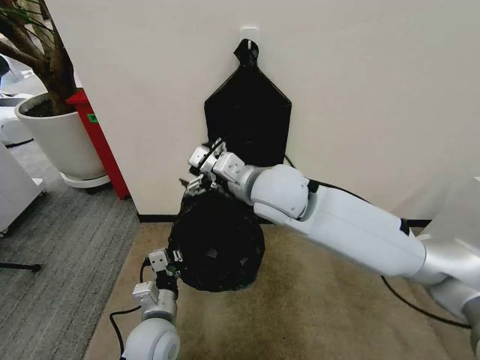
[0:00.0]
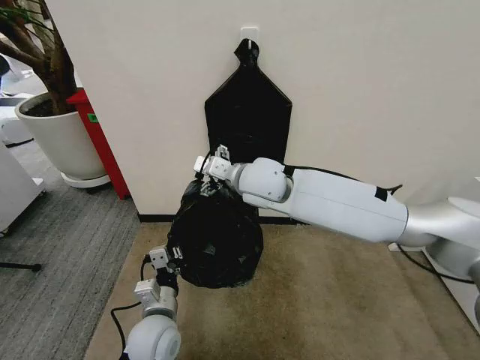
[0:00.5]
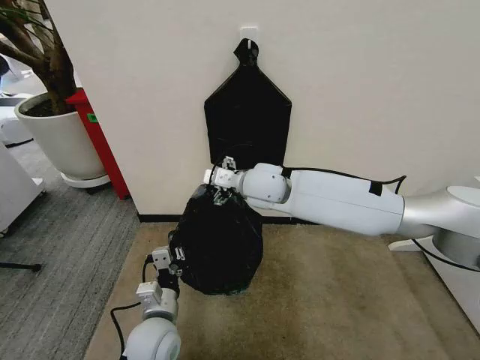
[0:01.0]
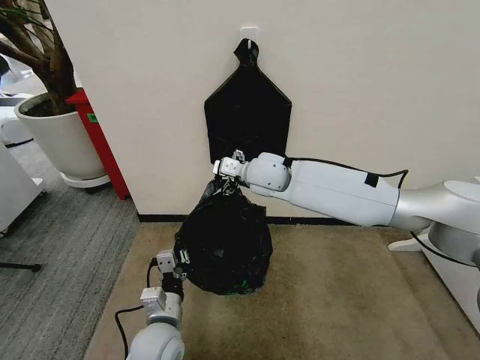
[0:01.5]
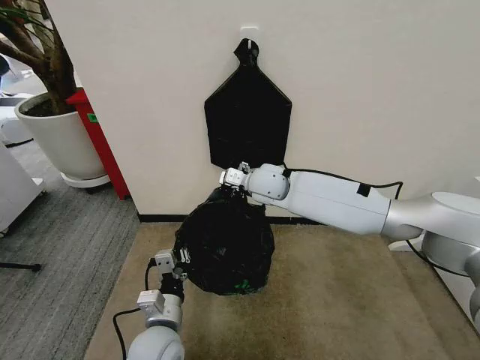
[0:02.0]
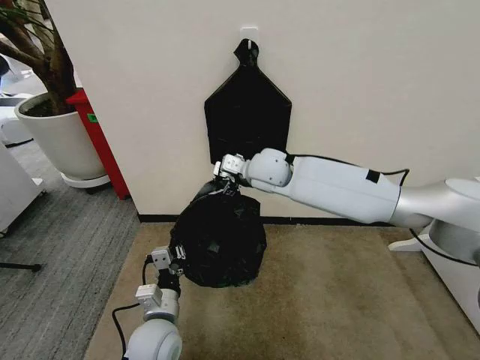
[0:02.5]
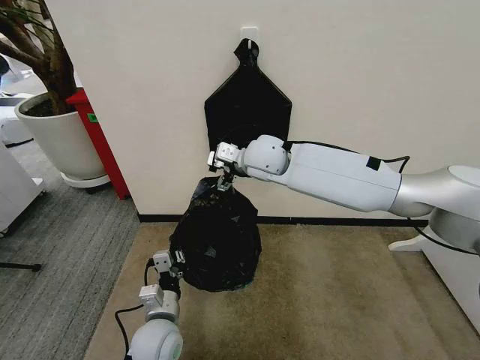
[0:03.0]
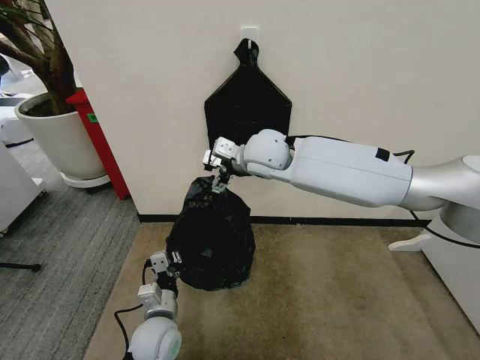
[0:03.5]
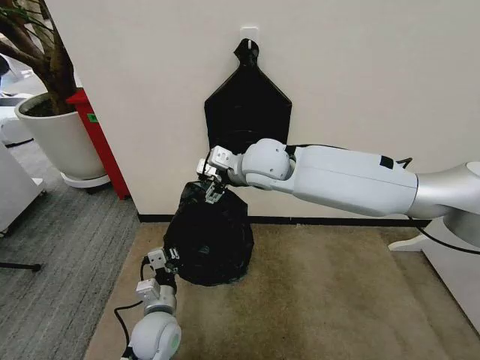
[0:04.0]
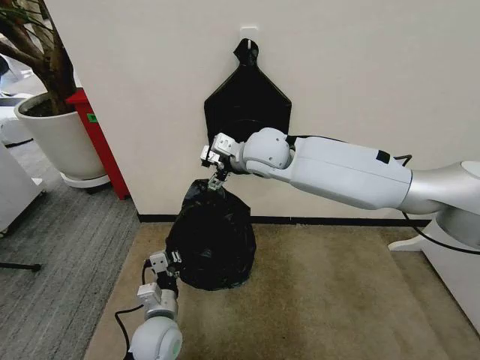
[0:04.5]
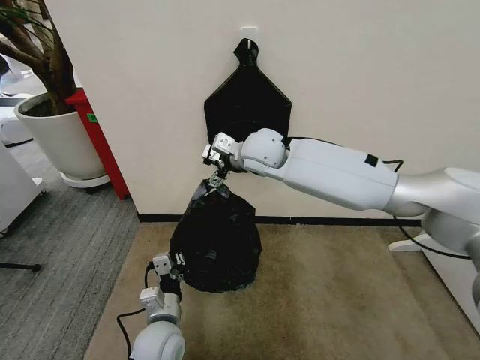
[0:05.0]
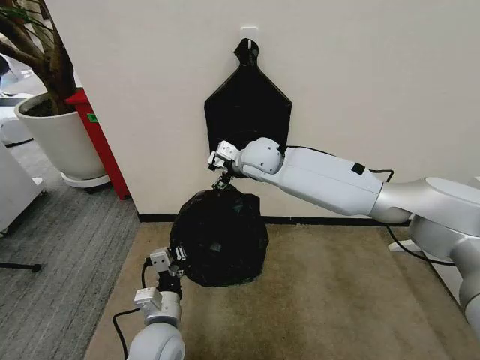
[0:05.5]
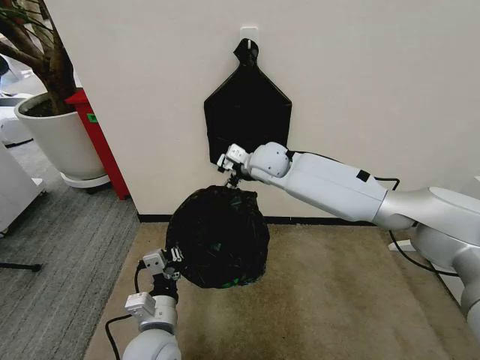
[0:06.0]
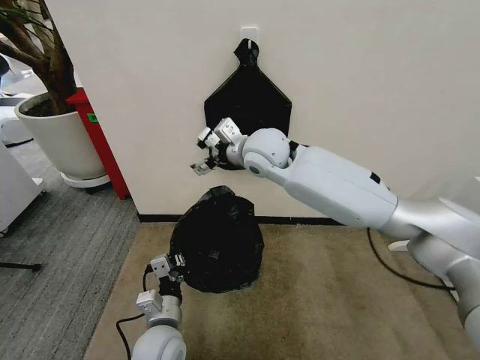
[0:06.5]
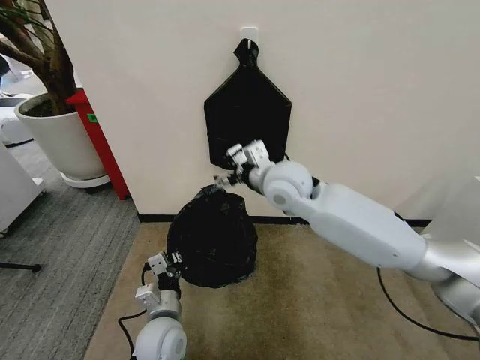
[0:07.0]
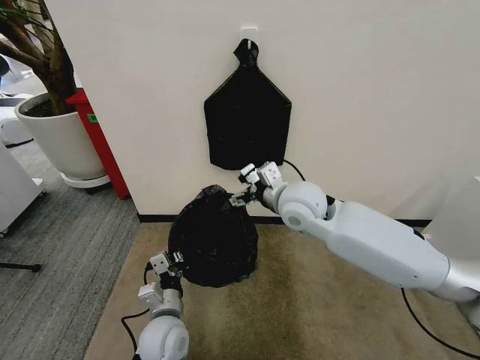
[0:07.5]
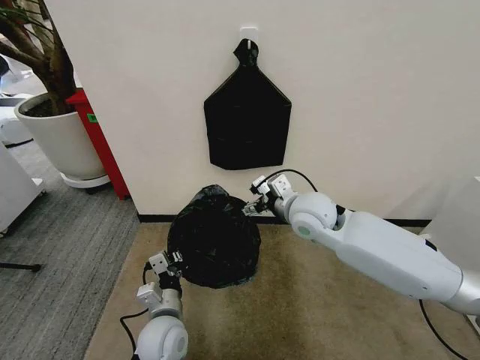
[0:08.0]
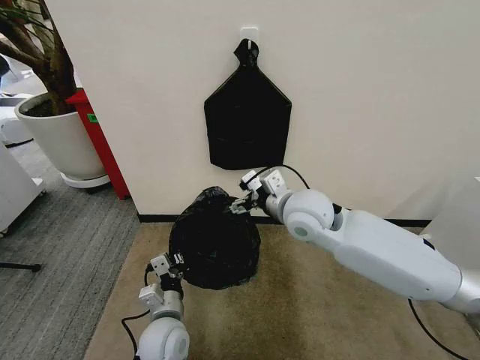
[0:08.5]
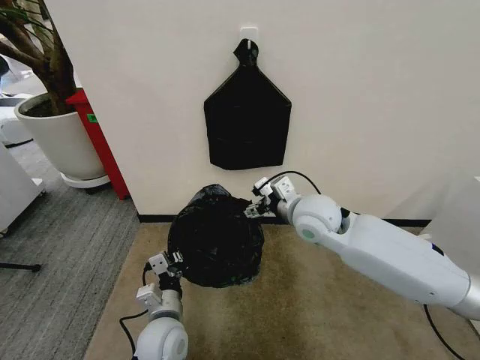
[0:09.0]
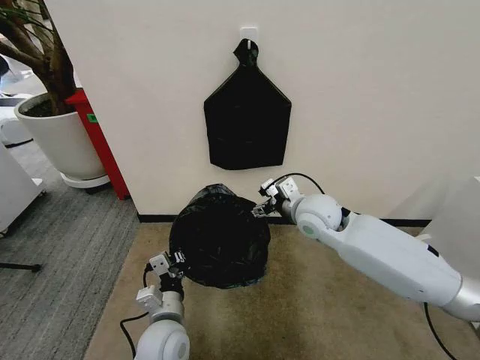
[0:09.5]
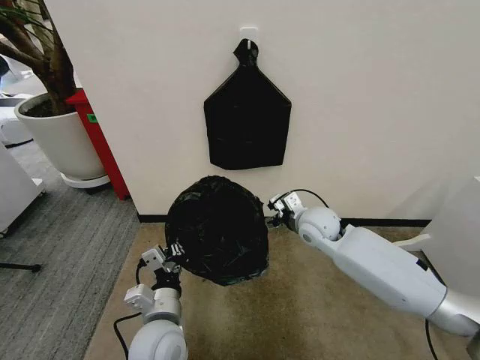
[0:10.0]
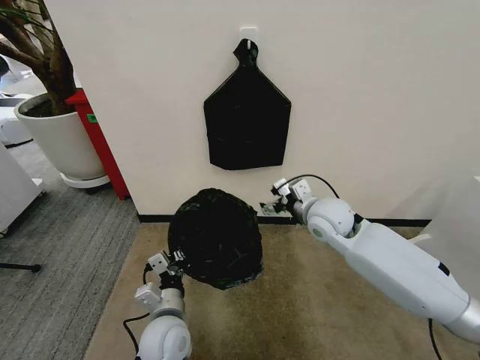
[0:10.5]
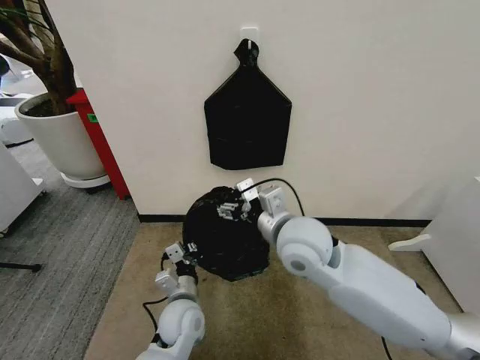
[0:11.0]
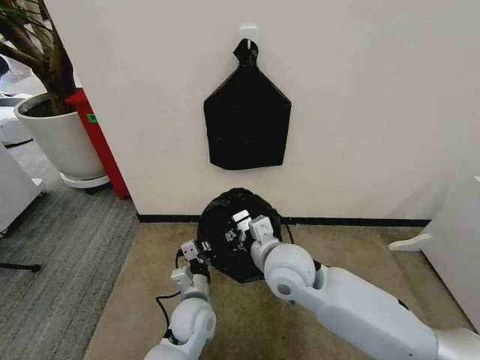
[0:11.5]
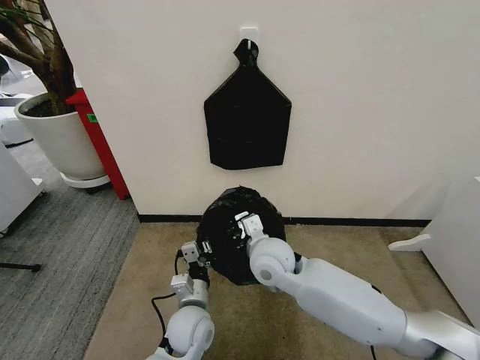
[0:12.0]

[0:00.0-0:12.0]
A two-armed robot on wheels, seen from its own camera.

- - - -

● What the task requires: Write out the listing again word for word, but without its pictures.

● Task response:
[0:00.0]
[0:00.5]
[0:01.0]
[0:01.5]
[0:02.0]
[0:02.5]
[0:03.0]
[0:03.5]
[0:04.0]
[0:04.5]
[0:05.0]
[0:05.5]
[0:06.0]
[0:06.5]
[0:07.0]
[0:07.5]
[0:08.0]
[0:08.5]
[0:09.0]
[0:09.5]
[0:10.0]
[0:10.5]
[0:11.0]
[0:11.5]
[0:12.0]

[0:00.0-0:12.0]
A two-armed robot on wheels, seen from its own camera.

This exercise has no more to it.